_TRY IT:_ Pull every line with "made" from the data below and copy it.

[Start of section]

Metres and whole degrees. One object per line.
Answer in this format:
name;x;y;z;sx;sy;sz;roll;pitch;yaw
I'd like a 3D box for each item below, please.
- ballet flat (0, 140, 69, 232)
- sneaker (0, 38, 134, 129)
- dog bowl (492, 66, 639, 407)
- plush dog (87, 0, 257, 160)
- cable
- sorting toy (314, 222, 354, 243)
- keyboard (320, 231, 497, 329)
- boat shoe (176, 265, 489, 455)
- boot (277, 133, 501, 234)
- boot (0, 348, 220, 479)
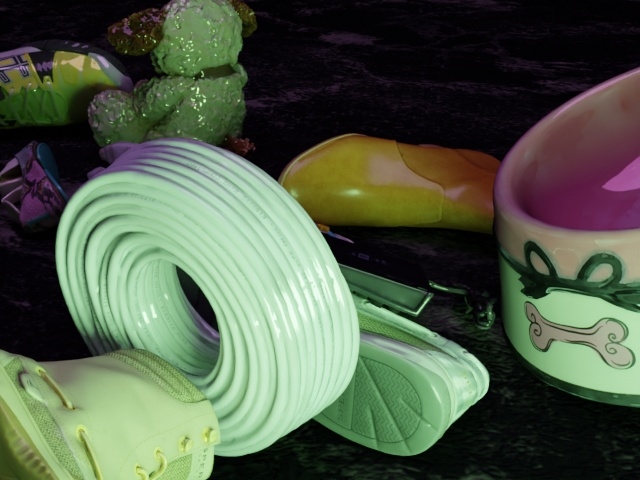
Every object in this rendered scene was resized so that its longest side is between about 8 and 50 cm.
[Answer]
ballet flat;-0.361;-0.066;1.437;0.079;0.077;0.221;-26;28;-7
sneaker;-0.467;-0.212;1.742;0.385;0.145;0.147;2;43;13
dog bowl;0.336;-0.037;1.036;0.408;0.150;0.408;-20;25;10
plush dog;-0.177;-0.233;1.611;0.262;0.225;0.210;-21;29;-39
cable;-0.093;0.045;0.900;0.257;0.257;0.089;-4;20;43
sorting toy;0.000;0.000;1.297;0.075;0.045;0.083;5;14;-42
keyboard;0.073;0.039;1.067;0.201;0.033;0.317;18;5;2
boat shoe;-0.012;0.083;1.000;0.320;0.118;0.103;18;23;31
boot;0.119;-0.053;1.316;0.295;0.104;0.211;-12;24;-37
boot;-0.134;0.175;0.782;0.262;0.095;0.203;49;22;28
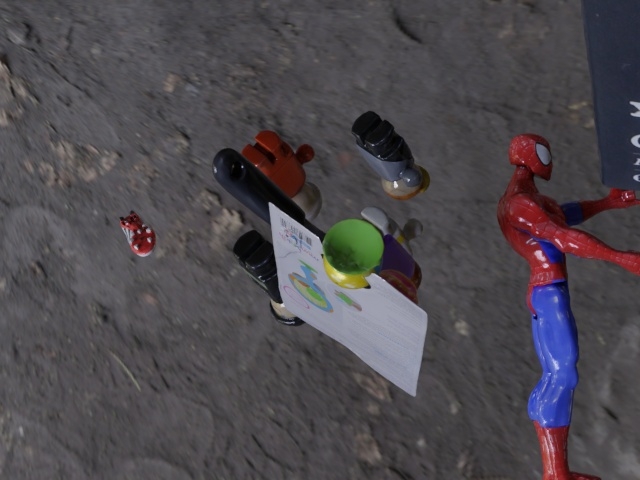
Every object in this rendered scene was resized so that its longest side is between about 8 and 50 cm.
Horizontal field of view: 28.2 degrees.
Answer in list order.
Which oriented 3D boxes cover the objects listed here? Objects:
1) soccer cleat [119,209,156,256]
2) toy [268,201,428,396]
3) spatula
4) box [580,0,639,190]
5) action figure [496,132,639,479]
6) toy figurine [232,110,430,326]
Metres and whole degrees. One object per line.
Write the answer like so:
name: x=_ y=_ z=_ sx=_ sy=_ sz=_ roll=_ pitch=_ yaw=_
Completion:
soccer cleat: x=-0.182 y=-0.001 z=1.300 sx=0.029 sy=0.083 sz=0.035 roll=-31 pitch=124 yaw=-9
toy: x=0.033 y=0.038 z=0.983 sx=0.137 sy=0.237 sz=0.056 roll=34 pitch=77 yaw=14
spatula: x=0.000 y=0.000 z=1.062 sx=0.296 sy=0.030 sz=0.084 roll=36 pitch=73 yaw=-46
box: x=0.396 y=-0.222 z=0.691 sx=0.480 sy=0.472 sz=0.297 roll=7 pitch=69 yaw=18
action figure: x=0.213 y=0.049 z=0.981 sx=0.139 sy=0.091 sz=0.280 roll=-11 pitch=89 yaw=0
toy figurine: x=0.017 y=-0.021 z=1.428 sx=0.209 sy=0.213 sz=0.148 roll=-11 pitch=145 yaw=17
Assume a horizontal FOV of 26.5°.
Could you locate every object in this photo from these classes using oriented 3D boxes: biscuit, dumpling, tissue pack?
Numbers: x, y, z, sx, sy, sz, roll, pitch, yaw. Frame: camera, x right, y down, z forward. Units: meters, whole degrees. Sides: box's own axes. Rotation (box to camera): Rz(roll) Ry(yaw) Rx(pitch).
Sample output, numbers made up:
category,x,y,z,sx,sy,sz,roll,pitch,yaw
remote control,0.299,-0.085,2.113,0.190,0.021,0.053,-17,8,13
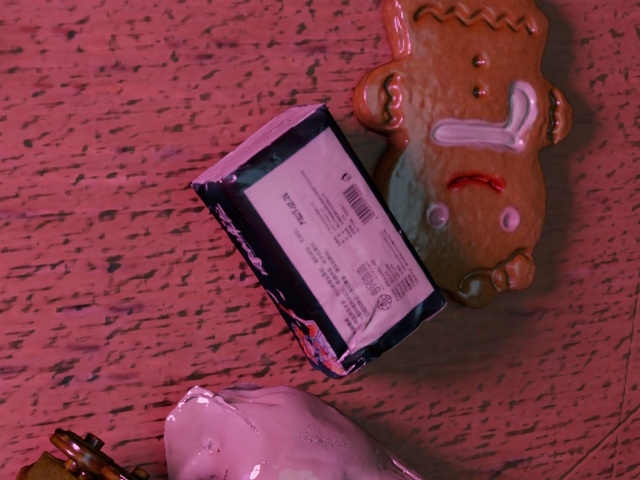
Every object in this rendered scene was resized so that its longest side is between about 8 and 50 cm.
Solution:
category,x,y,z,sx,sy,sz,roll,pitch,yaw
biscuit,0.109,-0.073,1.017,0.184,0.035,0.249,5,89,-24
dumpling,-0.018,0.175,0.926,0.199,0.118,0.136,20,100,-2
tissue pack,0.000,0.001,0.939,0.103,0.090,0.170,-37,104,-20

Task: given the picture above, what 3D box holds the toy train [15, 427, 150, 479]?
category,x,y,z,sx,sy,sz,roll,pitch,yaw
toy train,-0.105,0.198,0.833,0.137,0.225,0.090,43,76,-36
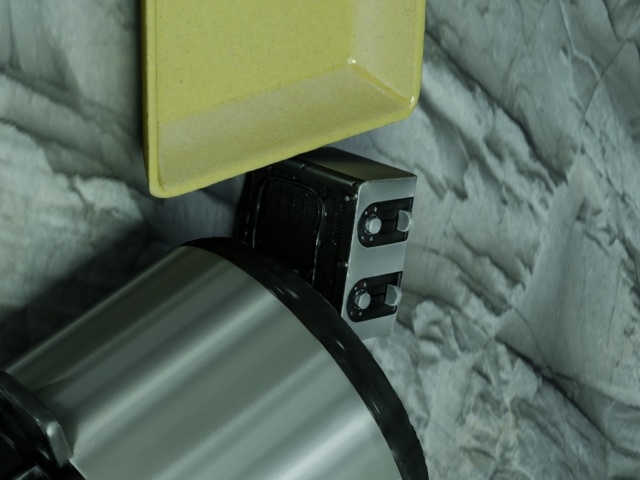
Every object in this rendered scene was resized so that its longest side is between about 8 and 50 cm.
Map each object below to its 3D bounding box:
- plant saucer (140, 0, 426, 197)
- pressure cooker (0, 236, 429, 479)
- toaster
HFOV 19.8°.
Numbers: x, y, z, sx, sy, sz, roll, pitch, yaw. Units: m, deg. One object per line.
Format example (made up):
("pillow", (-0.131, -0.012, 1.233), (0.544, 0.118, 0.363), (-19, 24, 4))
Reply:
("plant saucer", (-0.046, -0.238, 1.687), (0.333, 0.081, 0.332), (-21, 126, -36))
("pressure cooker", (-0.159, 0.246, 1.651), (0.420, 0.375, 0.370), (-35, 95, -24))
("toaster", (0.000, 0.000, 1.810), (0.110, 0.186, 0.168), (-6, 109, -45))
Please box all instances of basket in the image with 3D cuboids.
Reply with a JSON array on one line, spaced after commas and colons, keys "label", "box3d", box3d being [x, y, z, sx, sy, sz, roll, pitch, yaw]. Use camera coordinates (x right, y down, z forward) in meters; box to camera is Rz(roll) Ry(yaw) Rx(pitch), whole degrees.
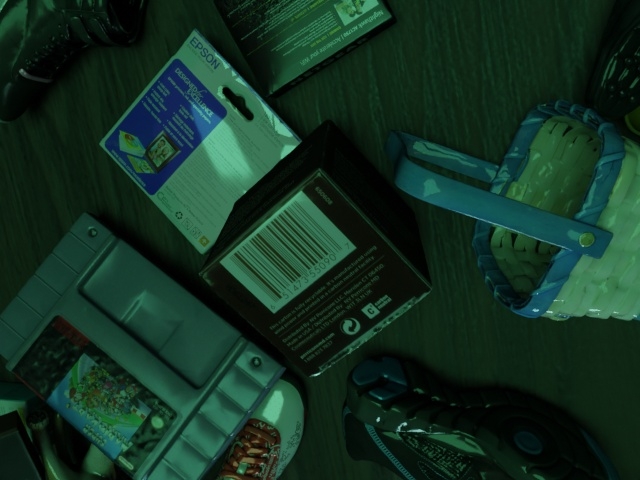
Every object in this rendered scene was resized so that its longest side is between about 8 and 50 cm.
[{"label": "basket", "box3d": [0.205, -0.040, 0.584, 0.289, 0.255, 0.201, 23, 109, -3]}]

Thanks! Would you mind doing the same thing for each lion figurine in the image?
[{"label": "lion figurine", "box3d": [-0.305, 0.404, 0.858, 0.392, 0.142, 0.240, 42, 137, 42]}]

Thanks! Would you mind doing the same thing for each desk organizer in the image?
[{"label": "desk organizer", "box3d": [-0.438, 0.314, 0.850, 0.047, 0.050, 0.130, -18, 120, -20]}]

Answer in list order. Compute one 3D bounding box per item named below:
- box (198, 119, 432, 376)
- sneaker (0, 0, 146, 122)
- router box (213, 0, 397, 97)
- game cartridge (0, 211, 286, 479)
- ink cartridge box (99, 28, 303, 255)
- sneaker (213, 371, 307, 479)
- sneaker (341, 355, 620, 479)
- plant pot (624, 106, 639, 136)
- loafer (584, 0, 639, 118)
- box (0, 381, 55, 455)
[{"label": "box", "box3d": [0.000, 0.000, 0.653, 0.168, 0.203, 0.167, -40, 106, 19]}, {"label": "sneaker", "box3d": [-0.328, -0.258, 0.752, 0.147, 0.104, 0.296, 34, 104, 11]}, {"label": "router box", "box3d": [-0.020, -0.272, 0.701, 0.179, 0.046, 0.133, -27, 94, 19]}, {"label": "game cartridge", "box3d": [-0.252, 0.152, 0.788, 0.355, 0.068, 0.230, 36, 80, 10]}, {"label": "ink cartridge box", "box3d": [-0.150, -0.123, 0.767, 0.208, 0.045, 0.206, -43, 90, 19]}, {"label": "sneaker", "box3d": [-0.100, 0.318, 0.796, 0.090, 0.145, 0.270, 25, 107, 8]}, {"label": "sneaker", "box3d": [0.189, 0.260, 0.738, 0.340, 0.125, 0.140, 20, 121, 16]}, {"label": "plant pot", "box3d": [0.395, -0.133, 0.591, 0.095, 0.134, 0.134, 33, 110, -19]}, {"label": "loafer", "box3d": [0.336, -0.231, 0.602, 0.076, 0.078, 0.223, 21, 103, -16]}, {"label": "box", "box3d": [-0.549, 0.283, 0.951, 0.244, 0.060, 0.101, 0, 101, 15]}]
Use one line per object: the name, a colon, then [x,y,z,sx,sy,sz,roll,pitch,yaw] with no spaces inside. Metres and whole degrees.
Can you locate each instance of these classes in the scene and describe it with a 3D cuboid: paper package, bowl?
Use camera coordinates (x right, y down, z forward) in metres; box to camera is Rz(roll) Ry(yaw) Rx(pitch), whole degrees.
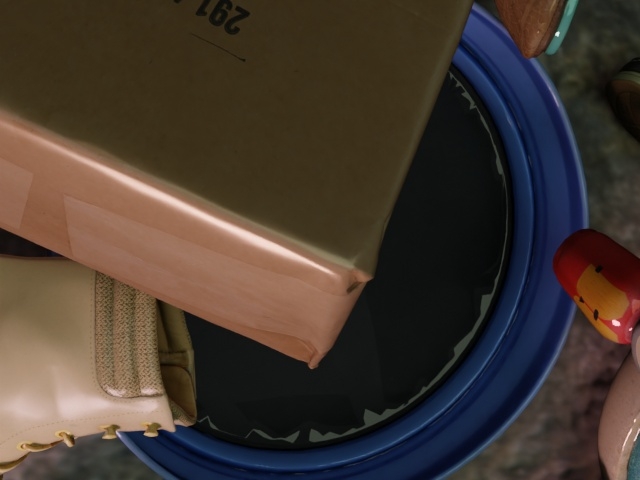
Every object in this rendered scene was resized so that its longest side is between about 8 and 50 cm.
paper package: [-0.084,-0.140,0.866,0.325,0.168,0.309,24,67,-4]
bowl: [0.000,0.000,1.065,0.391,0.077,0.391,-4,102,-18]

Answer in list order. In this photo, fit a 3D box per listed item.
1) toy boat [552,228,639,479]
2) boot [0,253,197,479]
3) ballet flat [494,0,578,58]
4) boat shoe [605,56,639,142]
toy boat: [0.288,0.093,1.095,0.267,0.148,0.318,-51,137,10]
boot: [-0.180,0.124,0.957,0.203,0.095,0.262,0,106,4]
ballet flat: [0.157,-0.295,1.031,0.124,0.116,0.342,22,83,-6]
boat shoe: [0.308,-0.081,1.157,0.223,0.080,0.073,36,82,-27]
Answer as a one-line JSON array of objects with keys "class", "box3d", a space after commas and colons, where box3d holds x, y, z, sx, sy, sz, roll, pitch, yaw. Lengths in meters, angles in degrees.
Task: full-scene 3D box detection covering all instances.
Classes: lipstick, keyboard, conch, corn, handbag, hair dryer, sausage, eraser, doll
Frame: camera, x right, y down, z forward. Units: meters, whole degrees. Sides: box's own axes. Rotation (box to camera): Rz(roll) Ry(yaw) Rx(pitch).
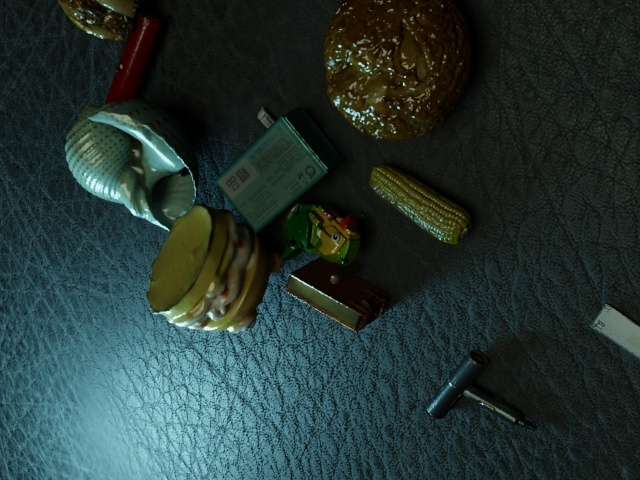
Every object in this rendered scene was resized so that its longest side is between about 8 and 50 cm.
[{"class": "lipstick", "box3d": [-0.434, -0.402, 1.962, 0.073, 0.073, 0.279, 37, 120, 18]}, {"class": "keyboard", "box3d": [0.576, 0.184, 1.524, 0.176, 0.014, 0.055, 36, 119, 19]}, {"class": "conch", "box3d": [-0.405, -0.197, 1.923, 0.319, 0.215, 0.303, 39, 134, -20]}, {"class": "corn", "box3d": [0.191, -0.073, 1.655, 0.231, 0.080, 0.080, 33, 119, 20]}, {"class": "handbag", "box3d": [0.039, 0.111, 1.776, 0.190, 0.127, 0.063, 29, 119, 23]}, {"class": "hair dryer", "box3d": [0.333, 0.342, 1.710, 0.195, 0.050, 0.173, 41, 124, 12]}, {"class": "sausage", "box3d": [0.050, 0.067, 1.763, 0.026, 0.116, 0.026, 6, 105, 25]}, {"class": "eraser", "box3d": [-0.100, -0.246, 1.825, 0.099, 0.019, 0.027, 46, 124, 9]}, {"class": "doll", "box3d": [0.001, -0.009, 1.768, 0.186, 0.106, 0.134, 13, 98, 40]}]

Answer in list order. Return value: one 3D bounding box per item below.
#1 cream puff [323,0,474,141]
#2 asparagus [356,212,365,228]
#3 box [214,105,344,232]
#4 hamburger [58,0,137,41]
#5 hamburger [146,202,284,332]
[{"class": "cream puff", "box3d": [0.130, -0.327, 1.540, 0.303, 0.212, 0.303, 12, 114, 27]}, {"class": "asparagus", "box3d": [0.060, -0.009, 1.794, 0.127, 0.018, 0.015, -55, 33, 28]}, {"class": "box", "box3d": [-0.089, -0.147, 1.791, 0.245, 0.092, 0.153, -37, 92, 34]}, {"class": "hamburger", "box3d": [-0.519, -0.567, 1.909, 0.282, 0.245, 0.155, 30, 116, 1]}, {"class": "hamburger", "box3d": [-0.226, 0.079, 1.869, 0.276, 0.237, 0.276, -33, 43, 38]}]
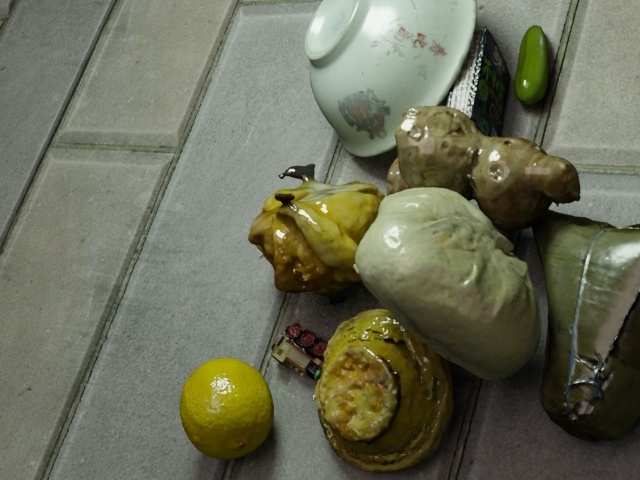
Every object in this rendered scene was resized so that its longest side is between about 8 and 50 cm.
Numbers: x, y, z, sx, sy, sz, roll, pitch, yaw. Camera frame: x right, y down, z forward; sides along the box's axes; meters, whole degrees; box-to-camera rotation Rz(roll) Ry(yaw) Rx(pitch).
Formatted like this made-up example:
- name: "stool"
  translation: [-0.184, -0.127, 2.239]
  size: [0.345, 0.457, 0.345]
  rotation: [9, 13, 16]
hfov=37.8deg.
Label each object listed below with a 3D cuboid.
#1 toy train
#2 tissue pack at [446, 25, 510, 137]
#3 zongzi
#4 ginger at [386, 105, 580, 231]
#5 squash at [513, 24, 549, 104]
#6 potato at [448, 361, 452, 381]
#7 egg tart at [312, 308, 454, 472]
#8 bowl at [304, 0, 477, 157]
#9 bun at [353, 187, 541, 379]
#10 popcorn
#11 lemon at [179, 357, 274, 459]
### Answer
- name: "toy train"
  translation: [-0.029, 0.219, 1.810]
  size: [0.138, 0.050, 0.087]
  rotation: [30, 85, 36]
- name: "tissue pack"
  translation: [0.306, -0.271, 1.824]
  size: [0.073, 0.173, 0.236]
  rotation: [-1, 64, 28]
- name: "zongzi"
  translation: [0.417, 0.124, 1.560]
  size: [0.393, 0.174, 0.356]
  rotation: [21, 84, 55]
- name: "ginger"
  translation: [0.277, -0.117, 1.652]
  size: [0.375, 0.256, 0.176]
  rotation: [13, 56, 29]
- name: "squash"
  translation: [0.425, -0.354, 1.877]
  size: [0.066, 0.066, 0.201]
  rotation: [-5, 54, 27]
- name: "potato"
  translation: [0.158, 0.220, 1.683]
  size: [0.149, 0.081, 0.120]
  rotation: [-18, 54, 20]
- name: "egg tart"
  translation: [0.092, 0.262, 1.622]
  size: [0.294, 0.123, 0.294]
  rotation: [-4, 82, 33]
- name: "bowl"
  translation: [0.095, -0.402, 1.896]
  size: [0.435, 0.196, 0.435]
  rotation: [-39, 37, 38]
- name: "bun"
  translation: [0.215, 0.055, 1.524]
  size: [0.213, 0.361, 0.361]
  rotation: [-48, 51, 10]
- name: "popcorn"
  translation: [0.000, 0.000, 1.804]
  size: [0.297, 0.281, 0.316]
  rotation: [-2, 23, 34]
- name: "lemon"
  translation: [-0.177, 0.312, 1.757]
  size: [0.178, 0.178, 0.203]
  rotation: [-33, 42, 9]

[End of section]

_SOLVED EXERCISE:_
Sample output, numbers made up:
Format example (made up):
Formatted like this made-up example:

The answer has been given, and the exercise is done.